Section 11 of the Banks Act also provides that any
person who contravenes section 11 of the Banks Act, shall be guilty
of an offence.
[20.] It would appear that this
application was brought in terms of section 81 of the Banks Act. This
section provides that if the
Registrar has reason to suspect that any
person who is not registered as a bank in terms of the Banks Act:
“
(a)
is likely to conduct the business of a bank in contravention of the
provisions of section 11 (1) or section 18A(6) or
(b)
has so contravened the provisions of section 11(1) or 18A(6)orhas
contravened the provisions of section 22(4) or (5), or that
such a
contravention is likely to be continued or repeated,
the
Registrar may apply to a division of the High Court having
jurisdiction (hereinafter in this section referred to as the court)
for an order –
(i)
prohibiting the anticipated contravention referred to in paragraph
(a);
(ii)
prohibiting the continuation or repetition of a contravention
referred to in paragraph (b) or
(iii)
prohibiting the person concerned from disposing of or otherwise
dealing with any of the assets of that person while the contravention
suspected of having been committed or of being committed is
investigated.”
[21.] And then of course there is
section 12 of the Reserve Bank Act under the heading “Inspection
of affairs of persons,
partnership, close corporation, company or
other juristic person not registered as bank or mutual bank”.
Section 12 of the
Reserve Bank Act reads as follows:
“
(1)
If the Governor or a Deputy Governor has reason to suspect that any
person, partnership, close corporation, company or other
juristic
person who or which is not registered in terms of the Banks Act 1990
(Act No 94 of 1990), as a bank or in terms of the
Mutual Banks Act,
1993 (Act No 124 of 1993), as a mutual bank, is carrying on the
business of a bank or a mutual bank, he or she
may direct the
Registrar of Banks referred to in section 4 of the Banks Act, 1990,
to cause the affairs or any part of the affairs
of such person,
partnership, close corporation, company or other juristic person to
be inspected by an inspector appointed under
section 11(1), in order
to establish whether or not the business of a bank or mutual bank, as
the case may be, is being carried
on by that person, partnership,
close corporation, company or other juristic person.”

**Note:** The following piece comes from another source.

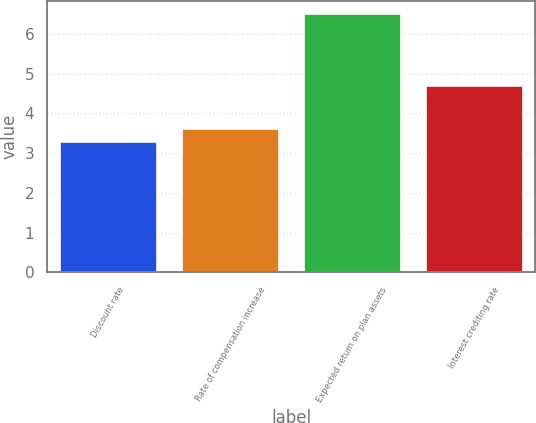Convert chart to OTSL. <chart><loc_0><loc_0><loc_500><loc_500><bar_chart><fcel>Discount rate<fcel>Rate of compensation increase<fcel>Expected return on plan assets<fcel>Interest crediting rate<nl><fcel>3.29<fcel>3.61<fcel>6.5<fcel>4.69<nl></chart>

[22.] The Reserve Bank Act provides
that sections 4, 5, 8 and 9 of the Inspection of Financial
Institutions Act, 38 of 1984 apply
to an inspection in terms of
section 12(1) of the Reserve Bank Act. The 1984 version of the
Inspection of Financial Institutions
Act has since been repealed. The
repealed act was succeeded by the current Inspection of Financial
Institutions Act, 80 of 1998
(“the Inspection Act”).
[23.] Section 4 of the Inspection Act
deals with the power of inspectors relating to institutions. These
powers are wide and include
powers such as the power to administer an
oath and examine certain persons; the power, without notice, to
search premises and require
the production of documents; and the
right to retain seized documents for as long as they may be required
for criminal or other
proceedings.
[24.] There are, in essence, two forms
of conduct which fall under the meaning of the term “the
business of a bank”.
There is
[24.1.] conduct which falls within the
definition of “the business of a bank”, read with the
definition of “deposit”
in the Banks Act; and
[24.2.] any other activity which the
Registrar has, after consultation with the governor of the Reserve
Bank, by notice in the
Gazette
, declared to be the business of
a bank.
[25.] The Registrar of the Reserve
Bank has made the declaration referred to in the preceding paragraph.
That declaration is in
the form of Government Notice 498 of 27 March
1997 (“the 1997 Notice”). In terms of this government
notice the Registrar
of Banks declared the following activities to
constitute the business of a bank, the activities referred to in the
noticebeing:
[25.1.] the acceptance or obtaining of
money, directly or indirectly, from members of the public, as a
regular feature of a business
practice, with prospect of such members
(referred to as “participating members”) receiving
payments or other money
related benefits directly or indirectly;
[25.2.] on or after the introduction
of other members of the public (referred to as “the new
participating members”)
to the business practice from which new
participating members, in their turn, money is accepted or obtained,
directly or indirectly,
as a regular feature of the business
practice;
[25.3.] the soliciting of, or
advertising for, directly or indirectly, money and/or persons for
introduction into or participation
in a business practice as defined
in the preceding two sub-paragraphs.
[26.] The term “business
practice” is defined in the 1997 Government Notice to include:
[26.1.] any agreement, arrangement or
understanding whether legally enforceable or not, between two or more
persons; or
[26.2.] any scheme, practice or method
of trading, including any method of marketing or distribution.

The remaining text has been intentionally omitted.